Records drawn from a dataset
Start of Block

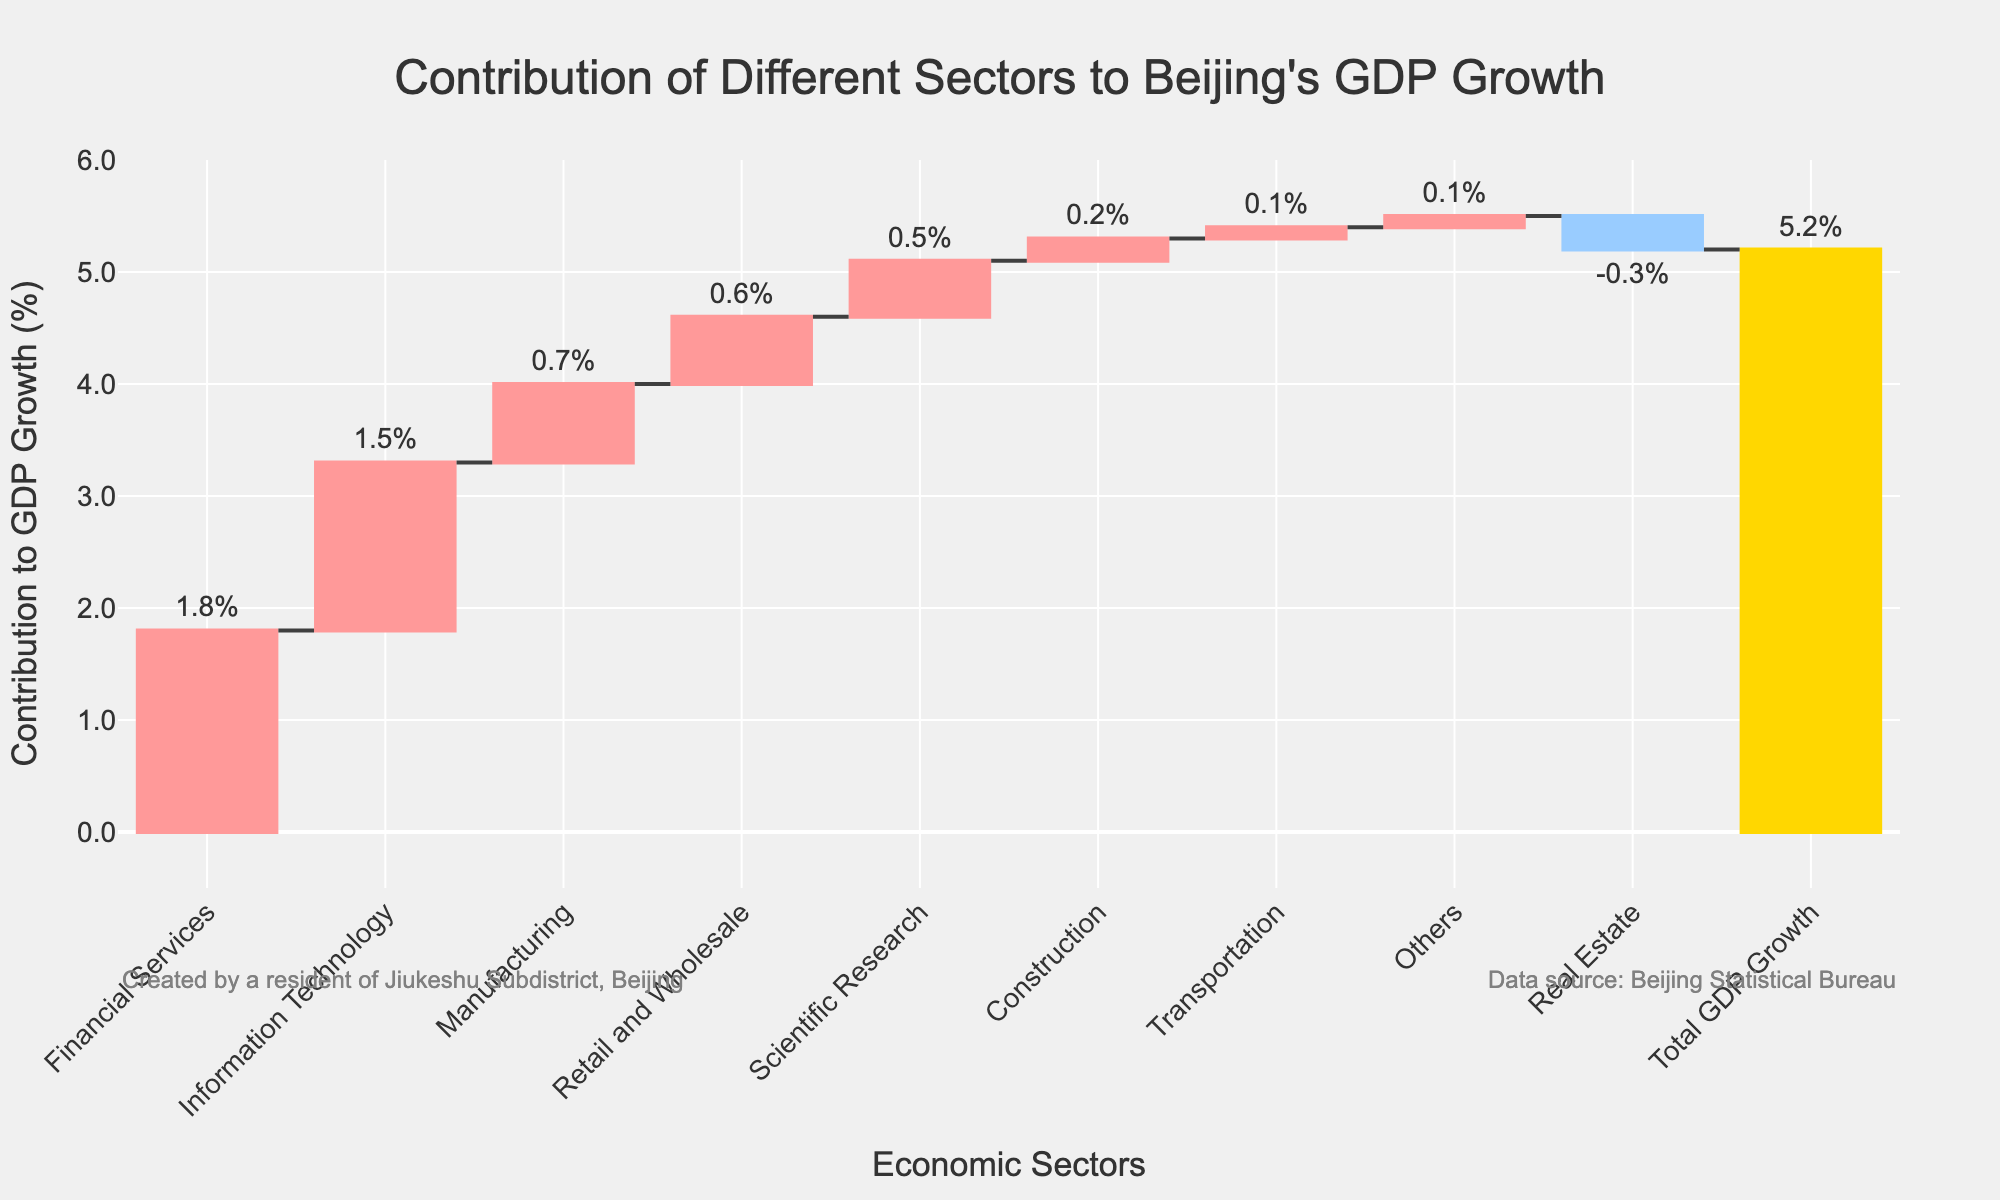What is the title of the figure? The title is located at the top and center of the chart. It is styled larger and bold to make it stand out.
Answer: Contribution of Different Sectors to Beijing's GDP Growth How much did the financial services sector contribute to Beijing's GDP growth? Look for the financial services bar in the chart, check the label on top of the bar which indicates the contribution.
Answer: 1.8% What sector had a negative contribution, and what was its value? Identify any downward (decreasing) bars in a waterfall chart, signifying negative contributions. The sector here is Real Estate, and its value is indicated at the top of the corresponding bar.
Answer: Real Estate, -0.3% Which sector made the smallest positive contribution to GDP growth? Examine the bars representing positive contributions, find the one with the smallest height and check its label.
Answer: Transportation, 0.1% How many sectors contributed positively to the GDP growth? Count the number of bars that go upwards in the waterfall chart, indicating positive contributions.
Answer: 7 sectors Which sector had the highest contribution to GDP growth? Look for the tallest bar among the positive contributions and identify its label.
Answer: Financial Services What is the sum of contributions from the information technology and scientific research sectors? Add the contributions from the Information Technology sector (1.5%) and the Scientific Research sector (0.5%).
Answer: 2.0% What is the net contribution to GDP growth from the real estate and construction sectors combined? Add the contributions from Real Estate (-0.3%) and Construction (0.2%). The net contribution is the sum of these values.
Answer: -0.1% Was the total GDP growth positive, negative, or zero? Look for the Total GDP Growth bar at the end of the chart and check if it points upwards, downwards, or is flat.
Answer: Positive How does the contribution of the retail and wholesale sector compare to that of the manufacturing sector? Compare the height (value) of the bars for Retail and Wholesale (0.6%) and Manufacturing (0.7%) sectors.
Answer: Manufacturing contributed more 
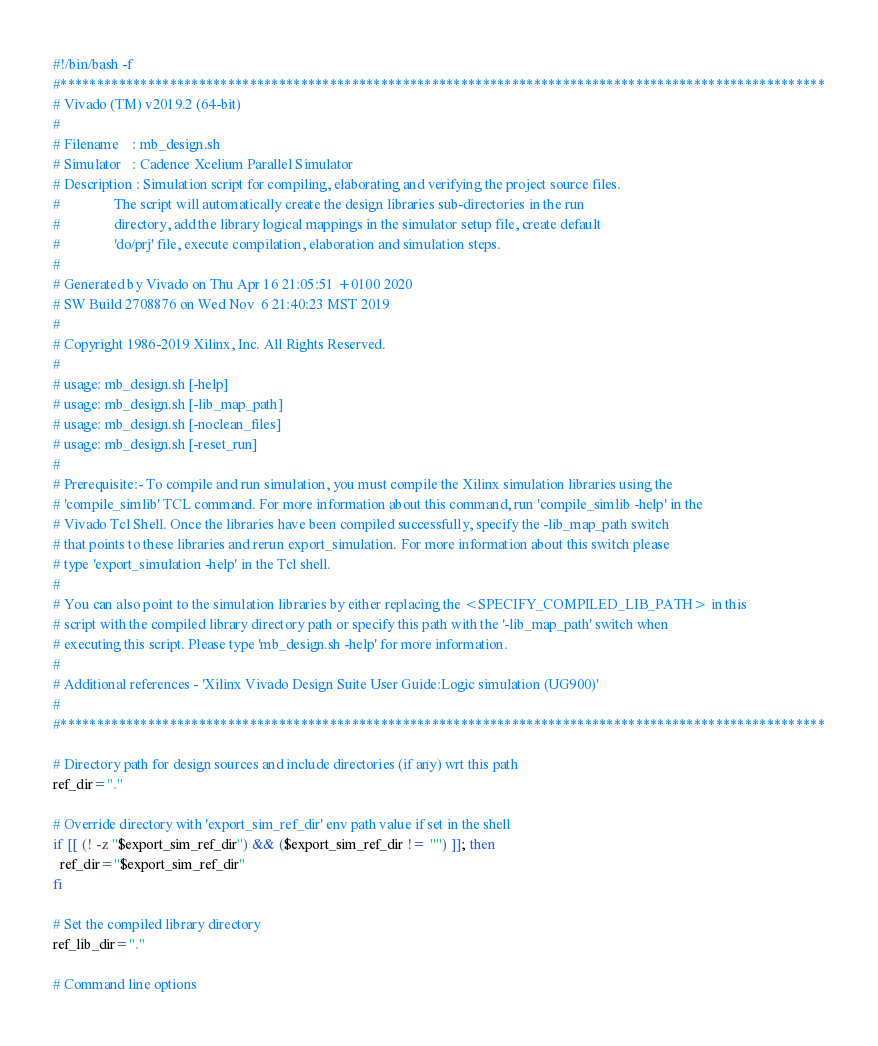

End of Block

Look above for every line with the word "negative" and copy it.

§ The answer:
Answer: 1.8% What sector had a negative contribution, and what was its value? Identify any downward (decreasing) bars in a waterfall chart, signifying negative contributions. The sector here is Real Estate, and its value is indicated at the top of the corresponding bar.
Answer: -0.1% Was the total GDP growth positive, negative, or zero? Look for the Total GDP Growth bar at the end of the chart and check if it points upwards, downwards, or is flat.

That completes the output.